A cup of warm soup.
Photo by Mick Haupt on Unsplash

Rule of Sum

Our first combinatorial principle is the rule of sum, which is also known as the addition principle. Intuitively, the rule states that if set \(A\) contains \(|A|\) choices, set \(B\) contains \(|B|\) choices, and the choices in \(A\) and \(B\) are mutually exclusive (i.e., you can't choose from \(A\) and \(B\) at the same time), then the number of choices is \(|A| + |B|\).

That is pretty abstract, but an example will make it easy to understand.

Example: Date night dinner

It's date night! At a restaurant, you get to choose an appetizer, which must be either a soup or a salad. There are three soups available and four salads available. Applying the rule of sum, the total number of choices is 3 + 4 = 7.

Unsurprisingly, this generalizes to n sets. If sets \(S_{1}, S_{2}, \ldots, S_{n}\) are pairwise disjoint (that is, \(S_{i} \cap S_{j} = \emptyset\) for \(i \neq j\)), then the total of choices is the sum of the number of choices for each of the individual sets.
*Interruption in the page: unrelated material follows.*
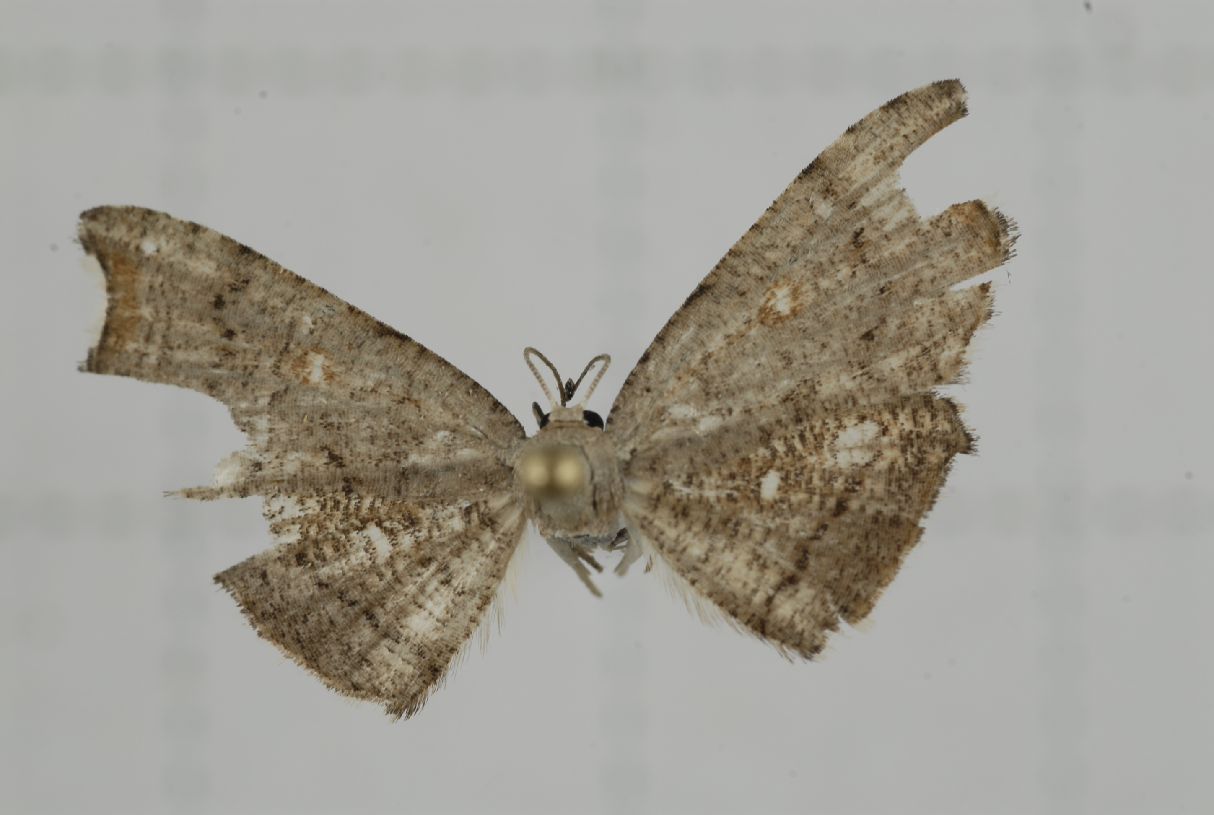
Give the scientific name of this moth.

Symbolically:

$${|S_{1} \cup S_{2} \cup \ldots \cup S_{n}| = |S_{1}| + |S_{2}| + \ldots + |S_{n}|}$$

Another example will help.

Example: Date night movie

Time to pick a movie. The movie genres and corresponding movie counts are as follows:

Genre # Movies
Comedy 14
Drama 18
Action/Adventure 15
Horror 6
Science Fiction 5
Classic 8
International 2
Independent 4
Documentary 6

(For the sake of the example, assume that the genres are mutually exclusive. That is, no two genres include the same movie.) Then the total number of choices is

$${14 + 18 + 15 + 6 + 5 + 8 + 2 + 4 + 6 = 78}$$


Exercise 1. At college, you are deciding whether to take Calculus 1A or else Introduction to Statistics course this semester. There are four course sections for calculus course and four for the stats course. How many course sections are there to choose from?

Exercise 2. You are the hiring manager for a certain position. Six of the candidates are male and eight candidates have a bachelor's degree. Can you use the rule of sum to determine how many candidates are either male or else have a bachelor's degree? Why or why not?